Les autres recours sont rejetés
Le tribunal rejeta les recours portant sur la nature prétendument déraisonnable et discriminatoire des mesures, puisqu’aucune preuve ne permettait de suggérer que les mesures prises par l’Inde visaient spécifiquement les investisseurs ou investissements étrangers.
La décision et les coûts
À la majorité, le tribunal rendit une décision sur la responsabilité concluant que la résiliation du contrat équivalait à une expropriation des investissements des demandeurs en Inde et constituait un déni de TJE. Il détermina donc que l’Inde devait indemniser les demandeurs pour la part de l’investissement (40 pour cents) qui n’était pas protégée par les intérêts essentiels de sécurité de l’Inde.

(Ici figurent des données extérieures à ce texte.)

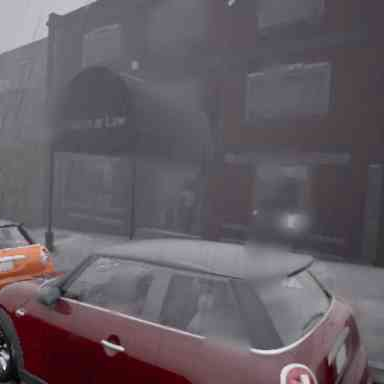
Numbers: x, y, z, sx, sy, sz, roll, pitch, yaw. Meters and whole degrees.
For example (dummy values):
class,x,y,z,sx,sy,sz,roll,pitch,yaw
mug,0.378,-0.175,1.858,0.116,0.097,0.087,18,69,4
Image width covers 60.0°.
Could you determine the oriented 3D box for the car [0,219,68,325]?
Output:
class,x,y,z,sx,sy,sz,roll,pitch,yaw
car,-5.029,1.335,7.121,4.553,1.767,2.185,0,0,36
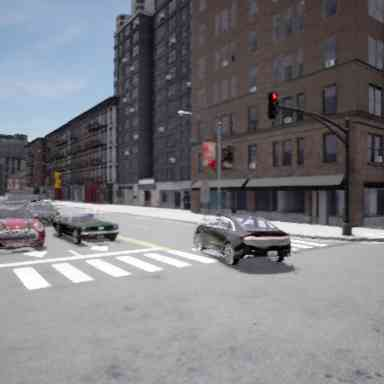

L’opinion divergente de David R. Haigh
L’arbitre David R. Haigh n’était pas d’accord avec l’opinion de la majorité quant à l’argument de la « sécurité essentielle » invoqué par l’Inde. Selon lui, l’unique objectif de l’Inde était de veiller à ce que le contrat soit annulé ou résilié à moindres frais, et il était donc inutile de tenter de déterminer une attribution raisonnable du spectre aux fins de la sécurité nationale ou d’autres objectifs. Aussi, selon lui, la saisie de la partie du spectre en bande S était une expropriation pure et simple à des fins publiques, relevant de l’article 6 de l’APPI.
Remarques : le tribunal était composé de Marc Lalonde (président nommé par les co-arbitres, de nationalité canadienne), de David R. Haigh (nommé par les demandeurs, de nationalité canadienne) et d’Anil Dev Singh (nommé par le défendeur, de nationalité indienne). La décision est disponible sur https://www.italaw.com/sites/default/files/case-documents/italaw9750.pdf et l’opinion divergente de David R. Haigh est disponible sur https://www.italaw.com/sites/default/files/case-documents/italaw9751.pdf.
Gladwin Issac est diplômé de l’Université nationale de droit de Gujarat, en Inde.
[1] En français dans le texte, n.d.l.t.